First, as illustrated in FIG. 7, the first insulating member 4 and the second insulating member 8 are coupled to the support substrate 5. The first insulating member (4) and the second insulating member (4) so that the first insulating member (4) and the second insulating member (8) are spaced apart from each other in the first axial direction (X-axis direction) 8) can be made by coupling to the support substrate (5). The first insulating member 4 and the second insulating member 8 may be coupled to the support substrate 5 through a deposition process or an attachment process.

Next, as shown in FIG. 8, the first mounting substrate 3 is coupled to the first insulating member 4, and the second mounting substrate 7 is coupled to the second insulating member 8. . This process is such that the first installation substrate 3 and the second installation substrate 7 are spaced apart from each other in the first axial direction (X-axis direction). 4), and can be made by coupling the second mounting substrate 7 to the second insulating member 8. Accordingly, the separation groove 51 is formed to penetrate the first installation substrate 3, the second installation substrate 7, the first insulating member 4 and the second insulating member 8 Can be. A part of the support substrate 5 may be exposed by the separation groove 51. The first installation substrate 3 and the second installation substrate 7 may be coupled to the first insulating member 4 and the second insulating member 8 through a deposition process or an attachment process, respectively.

Next, as illustrated in FIG. 9, the first LEDs 2 are coupled to the first installation substrate 3, and the second LEDs 6 are coupled to the second installation substrate 7.

Next, as illustrated in FIG. 3, the first LEDs 2 are connected to the first installation substrate 3 and the support substrate 5. This process connects the first LEDs 2 to the first mounting substrate 3 through the first wires 10, and the first LEDs 2 to the first wires 10. It can be made by connecting to the support substrate (5).

In the process of connecting the first LEDs to the first installation substrate and the support substrate, the negative terminal of the first LED 2 on the left of the first LEDs 2 based on FIG. It may include a process of connecting to the first mounting substrate (3) through one wire (10). The process of connecting the first LEDs to the first installation substrate and the support substrate, the first terminal of the first LED (2) on the far right of the first LED (2) with reference to Figure 3 the first terminal It may include a process of connecting to the support substrate 5 through the wire (10). In this case, one end of the first wire 10 is connected to both terminals of the first LED 2, and the other end is inserted into the separation groove 51 to be directly connected to the support substrate 5. The process of connecting the first LEDs to the first installation substrate and the support substrate may include a process of connecting the first LEDs 2 in series through the first wires 10.

Next, as illustrated in FIG. 3, the second LEDs 6 are connected to the second installation substrate 7 and the support substrate 5. This process connects the second LEDs 6 to the second mounting substrate 7 through the second wires 20, and the second LEDs 6 to the second wires 20. It can be made by connecting to the support substrate (5).

The process of connecting the second LEDs to the second installation substrate and the support substrate is based on FIG. 3, wherein the negative terminal of the second LED 6 on the right side of the second LEDs 6 is removed from the second LED. It may include a process of connecting to the second mounting substrate 7 through the two-wire (20). The process of connecting the second LEDs to the second installation substrate and the support substrate is based on FIG. 3, the both terminals of the second LED 6 on the left of the second LEDs 6 are the second It may include a process of connecting to the support substrate 5 through the wire (20). In this case, one end of the second wire 20 is connected to both terminals of the second LED 6, and the other end is inserted into the separation groove 51 to be directly connected to the support substrate 5.

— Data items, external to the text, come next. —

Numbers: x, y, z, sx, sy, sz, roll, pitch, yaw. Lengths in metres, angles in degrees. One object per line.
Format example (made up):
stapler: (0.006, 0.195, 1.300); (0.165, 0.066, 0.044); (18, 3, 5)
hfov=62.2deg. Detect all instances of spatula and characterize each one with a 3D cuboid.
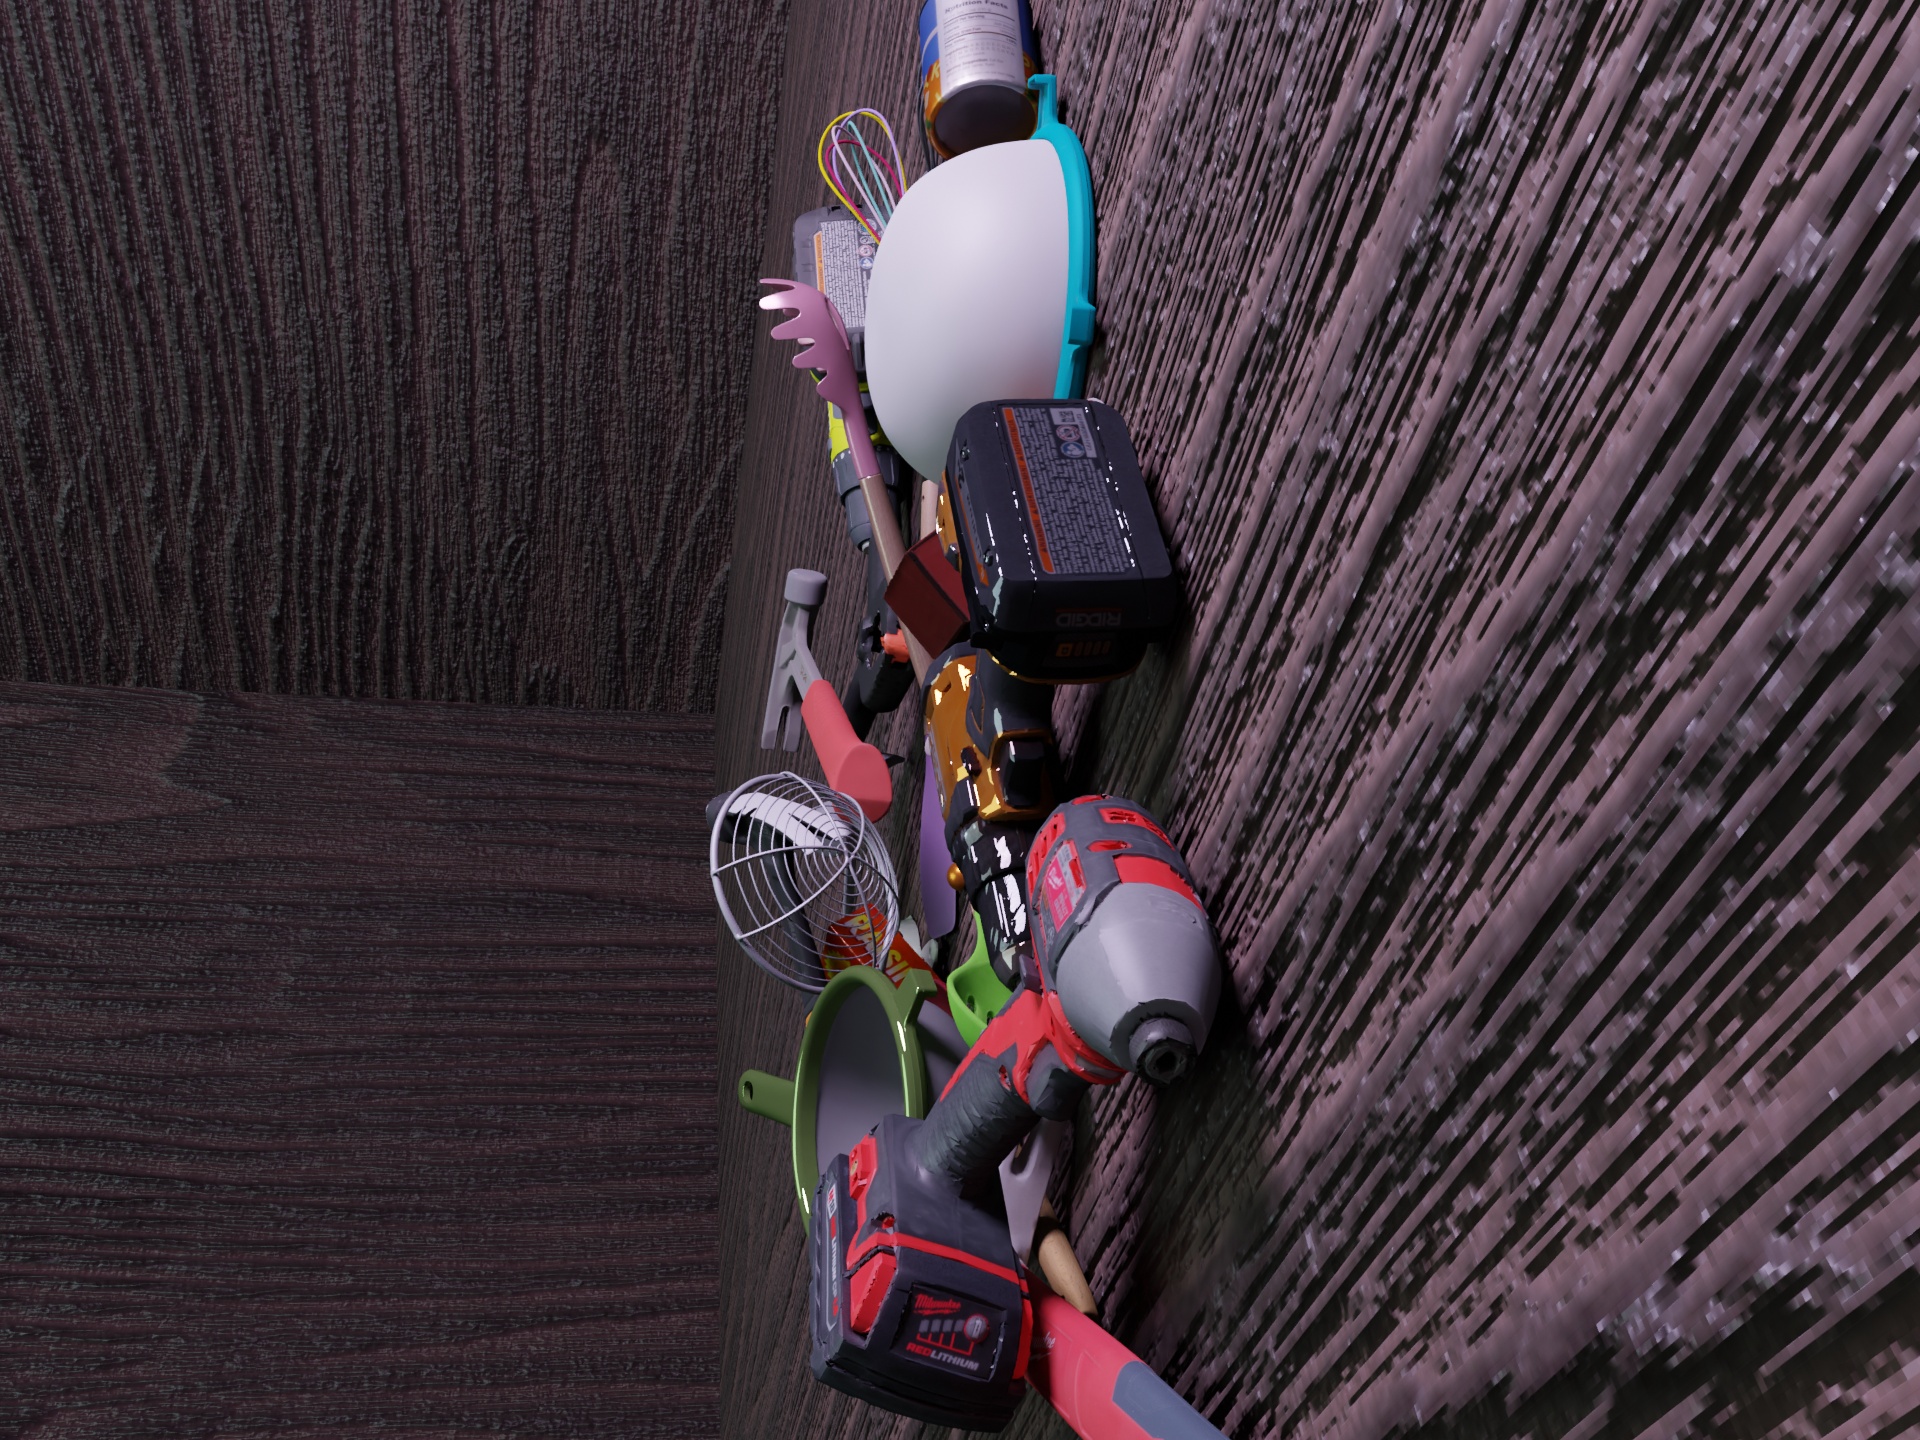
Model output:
spatula: (-0.018, -0.013, 1.060); (0.060, 0.018, 0.316); (146, 127, -62)

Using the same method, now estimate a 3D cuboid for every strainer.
strainer: (-0.048, 0.203, 0.822); (0.256, 0.069, 0.151); (165, 109, -64)
strainer: (-0.015, -0.180, 0.905); (0.340, 0.095, 0.211); (113, 157, -55)

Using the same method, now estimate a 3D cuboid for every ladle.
ladle: (0.019, 0.216, 0.823); (0.316, 0.031, 0.069); (-132, 41, -71)

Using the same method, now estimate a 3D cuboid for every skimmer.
skimmer: (-0.074, 0.193, 0.958); (0.127, 0.090, 0.363); (-61, -26, -48)

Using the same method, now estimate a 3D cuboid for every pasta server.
pasta server: (-0.055, -0.121, 0.979); (0.060, 0.040, 0.316); (-46, -61, -77)

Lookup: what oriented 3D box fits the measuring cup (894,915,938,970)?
measuring cup: (-0.045, 0.168, 1.094); (0.167, 0.038, 0.083); (124, 147, -71)

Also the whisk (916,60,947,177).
whisk: (-0.011, -0.359, 1.060); (0.238, 0.055, 0.055); (108, 162, -65)

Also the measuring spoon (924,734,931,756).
measuring spoon: (-0.001, -0.003, 0.934); (0.124, 0.018, 0.034); (140, 131, -59)

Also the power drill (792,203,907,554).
power drill: (-0.072, -0.248, 1.175); (0.228, 0.080, 0.191); (91, 174, -69)

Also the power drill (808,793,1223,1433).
power drill: (0.023, 0.146, 0.589); (0.219, 0.078, 0.143); (-62, 16, 18)

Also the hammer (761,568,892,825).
hammer: (-0.097, 0.004, 1.103); (0.359, 0.036, 0.149); (-125, 43, -68)

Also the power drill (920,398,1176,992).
power drill: (0.031, -0.002, 0.700); (0.226, 0.084, 0.186); (101, 162, -51)

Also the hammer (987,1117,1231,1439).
hammer: (0.065, 0.225, 0.544); (0.386, 0.038, 0.143); (165, 123, -73)

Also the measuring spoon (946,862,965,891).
measuring spoon: (-0.005, 0.051, 1.002); (0.021, 0.011, 0.117); (120, 151, -64)

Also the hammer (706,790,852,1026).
hammer: (-0.081, 0.208, 1.036); (0.127, 0.034, 0.336); (10, 119, 52)

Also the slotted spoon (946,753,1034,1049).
slotted spoon: (0.014, 0.087, 0.829); (0.031, 0.070, 0.314); (-53, 19, 20)

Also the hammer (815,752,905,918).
hammer: (-0.087, 0.207, 1.234); (0.144, 0.035, 0.405); (-63, -19, -58)

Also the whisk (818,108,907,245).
whisk: (-0.040, -0.303, 1.046); (0.051, 0.047, 0.245); (113, 139, -63)

The process of connecting the second LEDs to the second installation substrate and the support substrate may include a process of connecting the second LEDs 6 in series through the second wires 20.

Through the above-described processes, the light source device 1 for a backlight unit according to the first embodiment of the present invention can be manufactured.

5 and 10 to 12, the method of manufacturing the light source device for a backlight unit according to the second embodiment of the present invention manufactures the light source device 1 for a backlight unit according to the second embodiment of the present invention described above It is to do. The method for manufacturing a light source device for a backlight unit according to a second embodiment of the present invention may include the following configuration.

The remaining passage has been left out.